What is expected
An exact transcript of every entry is required, without any of the pictures.

════════

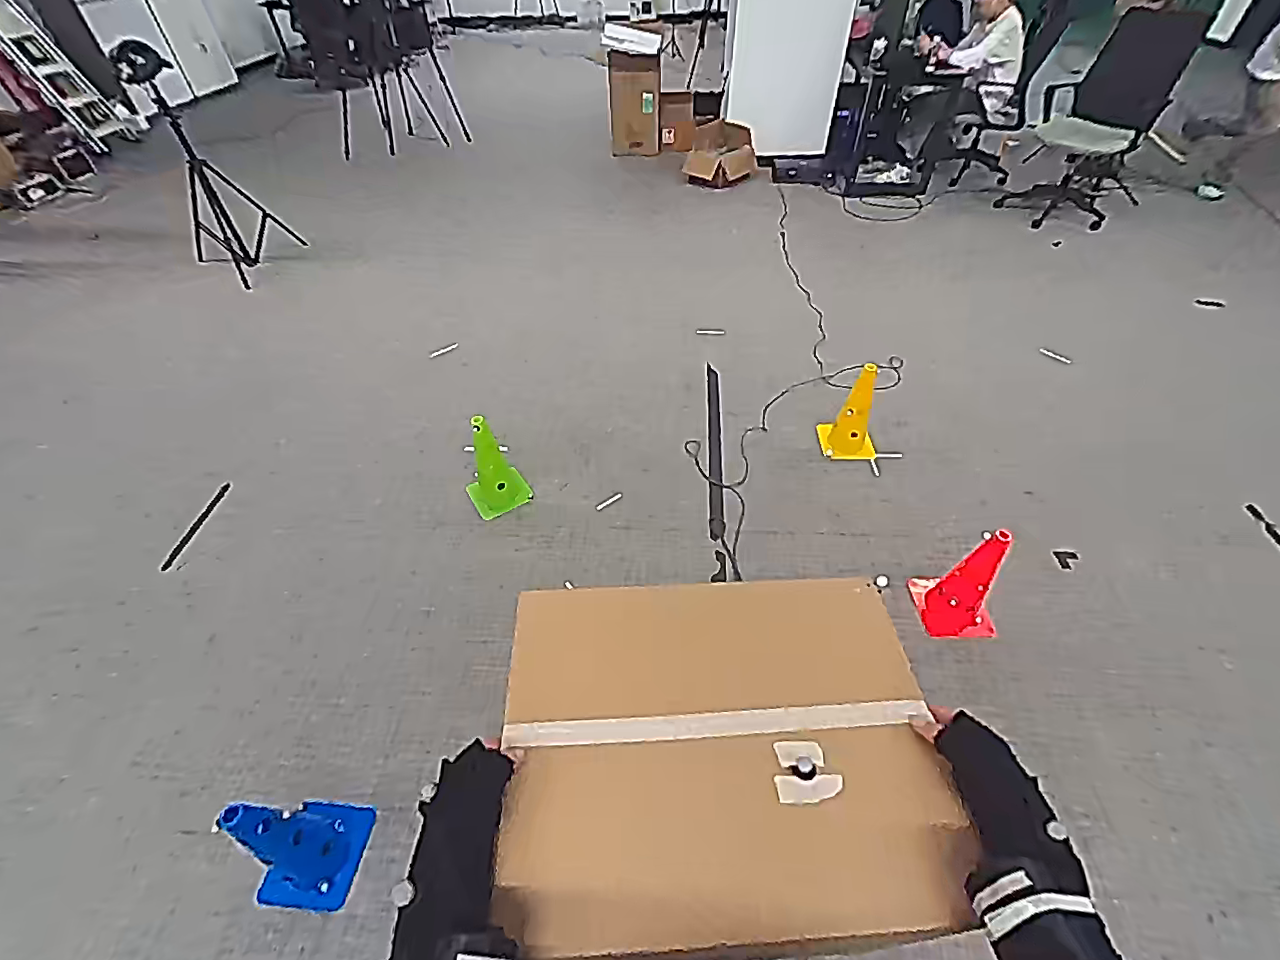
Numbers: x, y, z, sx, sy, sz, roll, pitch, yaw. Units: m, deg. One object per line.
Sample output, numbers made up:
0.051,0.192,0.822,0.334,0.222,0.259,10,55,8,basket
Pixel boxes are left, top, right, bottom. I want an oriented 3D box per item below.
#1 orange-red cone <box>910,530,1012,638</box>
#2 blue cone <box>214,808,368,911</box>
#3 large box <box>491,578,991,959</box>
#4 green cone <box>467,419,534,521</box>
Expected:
0.934,0.262,1.508,0.198,0.360,0.199,0,45,1,orange-red cone
-0.743,0.751,1.120,0.192,0.380,0.193,3,46,6,blue cone
0.070,0.336,0.624,0.408,0.320,0.320,-2,46,-3,large box
-0.523,-0.068,1.870,0.202,0.368,0.200,-28,51,-21,green cone
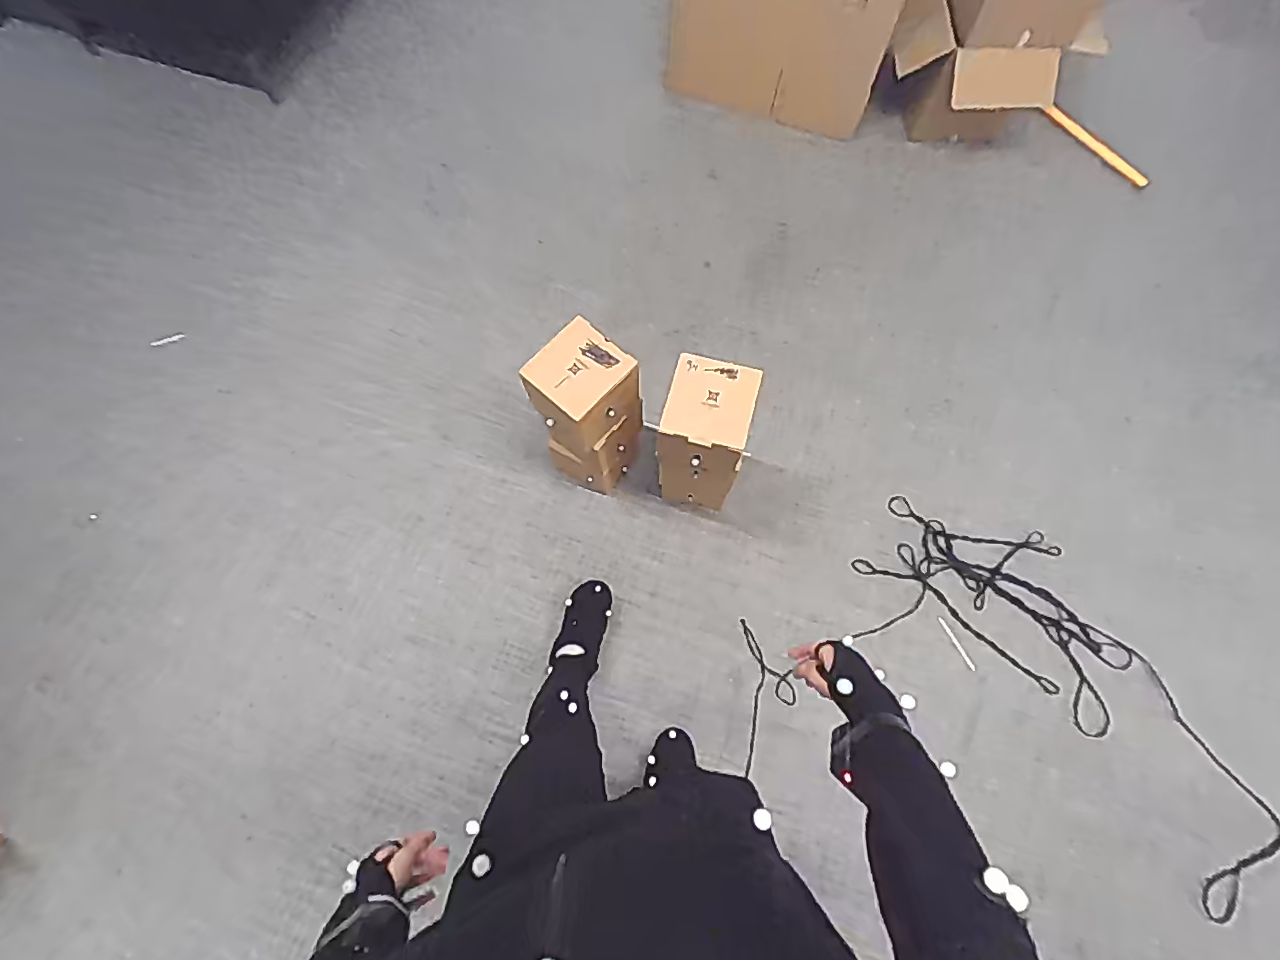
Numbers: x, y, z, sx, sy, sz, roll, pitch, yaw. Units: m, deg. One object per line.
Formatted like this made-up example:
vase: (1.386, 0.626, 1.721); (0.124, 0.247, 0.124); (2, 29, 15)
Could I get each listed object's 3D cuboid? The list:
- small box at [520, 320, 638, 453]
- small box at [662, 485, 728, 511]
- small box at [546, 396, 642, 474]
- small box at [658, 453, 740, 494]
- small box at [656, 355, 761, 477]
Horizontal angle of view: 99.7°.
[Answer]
small box: (-0.120, -0.188, 1.131); (0.168, 0.176, 0.179); (40, 77, 13)
small box: (0.155, -0.030, 1.412); (0.168, 0.176, 0.179); (11, 71, 5)
small box: (-0.112, -0.141, 1.288); (0.179, 0.176, 0.168); (36, 75, 12)
small box: (0.139, -0.074, 1.255); (0.179, 0.176, 0.168); (7, 72, 5)
small box: (0.136, -0.121, 1.099); (0.168, 0.176, 0.179); (15, 74, 7)
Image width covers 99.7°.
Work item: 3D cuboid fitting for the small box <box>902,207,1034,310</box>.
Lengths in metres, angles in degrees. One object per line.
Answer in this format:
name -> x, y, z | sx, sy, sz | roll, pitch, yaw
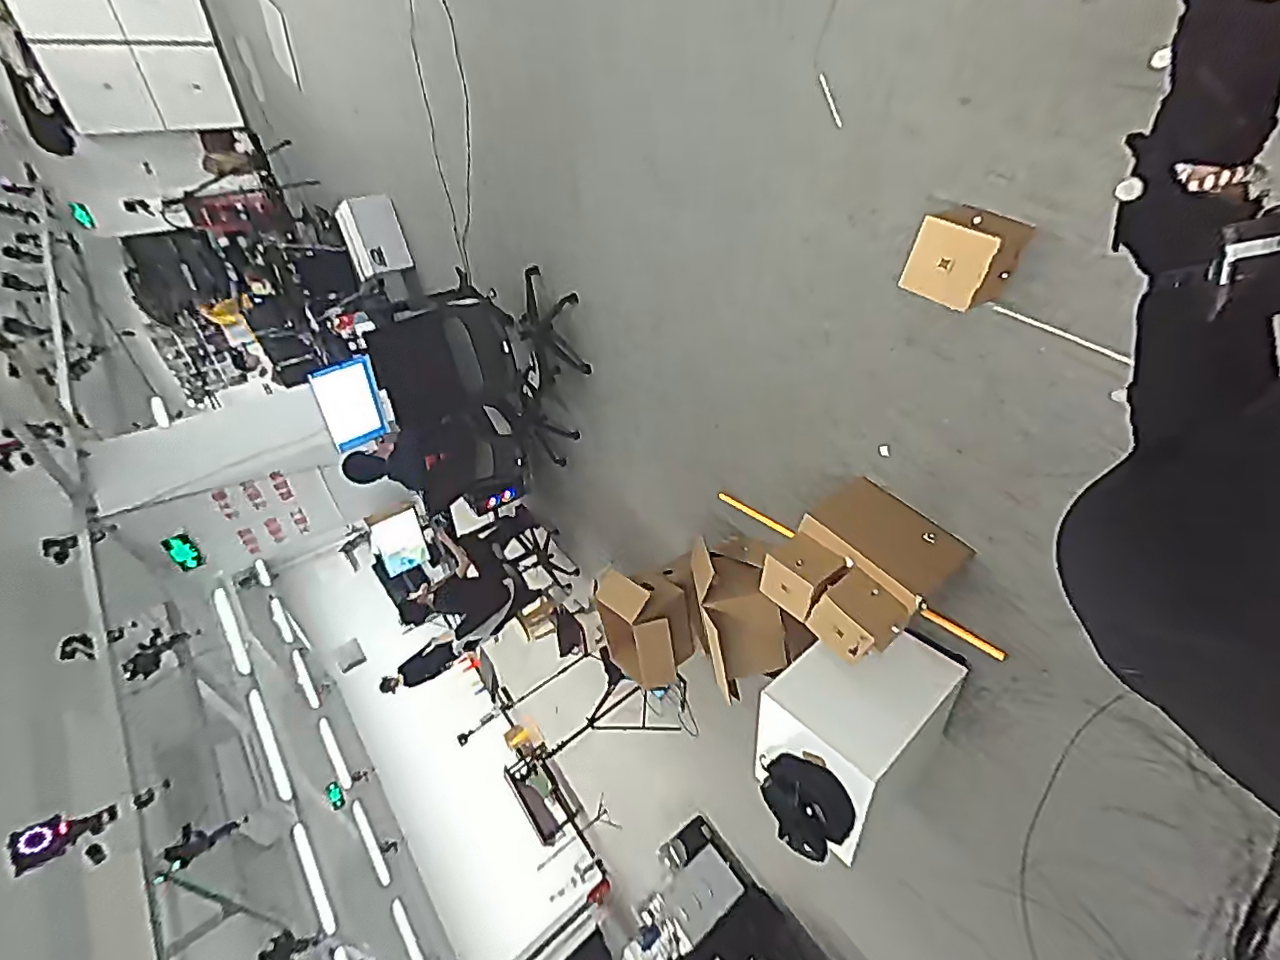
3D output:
small box -> 0.757, -0.520, 1.255 | 0.179, 0.176, 0.168 | 40, 143, 32

════════

Response
Numbers: x, y, z, sx, sy, sz, roll, pitch, yaw. Units: m, deg. One object per line.
Sample output, numbers made up:
0.051,0.192,0.822,0.334,0.222,0.259,10,55,8,basket
Pixel boxes are left, top, right, bottom. I want an oriented 3D box per item below.
#1 orange-red cone <box>910,530,1012,638</box>
#2 blue cone <box>214,808,368,911</box>
#3 large box <box>491,578,991,959</box>
#4 green cone <box>467,419,534,521</box>
Expected:
0.934,0.262,1.508,0.198,0.360,0.199,0,45,1,orange-red cone
-0.743,0.751,1.120,0.192,0.380,0.193,3,46,6,blue cone
0.070,0.336,0.624,0.408,0.320,0.320,-2,46,-3,large box
-0.523,-0.068,1.870,0.202,0.368,0.200,-28,51,-21,green cone
Numbers: x, y, z, sx, sy, sz, roll, pitch, yaw. Units: m, deg. One object per line.
Formatted like this made-up example:
vase: (1.386, 0.626, 1.721); (0.124, 0.247, 0.124); (2, 29, 15)
Could I get each listed object's 3D cuboid? The list:
- small box at [520, 320, 638, 453]
- small box at [662, 485, 728, 511]
- small box at [546, 396, 642, 474]
- small box at [658, 453, 740, 494]
- small box at [656, 355, 761, 477]
Horizontal angle of view: 99.7°.
[Answer]
small box: (-0.120, -0.188, 1.131); (0.168, 0.176, 0.179); (40, 77, 13)
small box: (0.155, -0.030, 1.412); (0.168, 0.176, 0.179); (11, 71, 5)
small box: (-0.112, -0.141, 1.288); (0.179, 0.176, 0.168); (36, 75, 12)
small box: (0.139, -0.074, 1.255); (0.179, 0.176, 0.168); (7, 72, 5)
small box: (0.136, -0.121, 1.099); (0.168, 0.176, 0.179); (15, 74, 7)
Image width covers 99.7°.
Work item: 3D cuboid fitting for the small box <box>902,207,1034,310</box>.
Lengths in metres, angles in degrees. One object per line.
Answer in this format:
name -> x, y, z | sx, sy, sz | roll, pitch, yaw
3D output:
small box -> 0.757, -0.520, 1.255 | 0.179, 0.176, 0.168 | 40, 143, 32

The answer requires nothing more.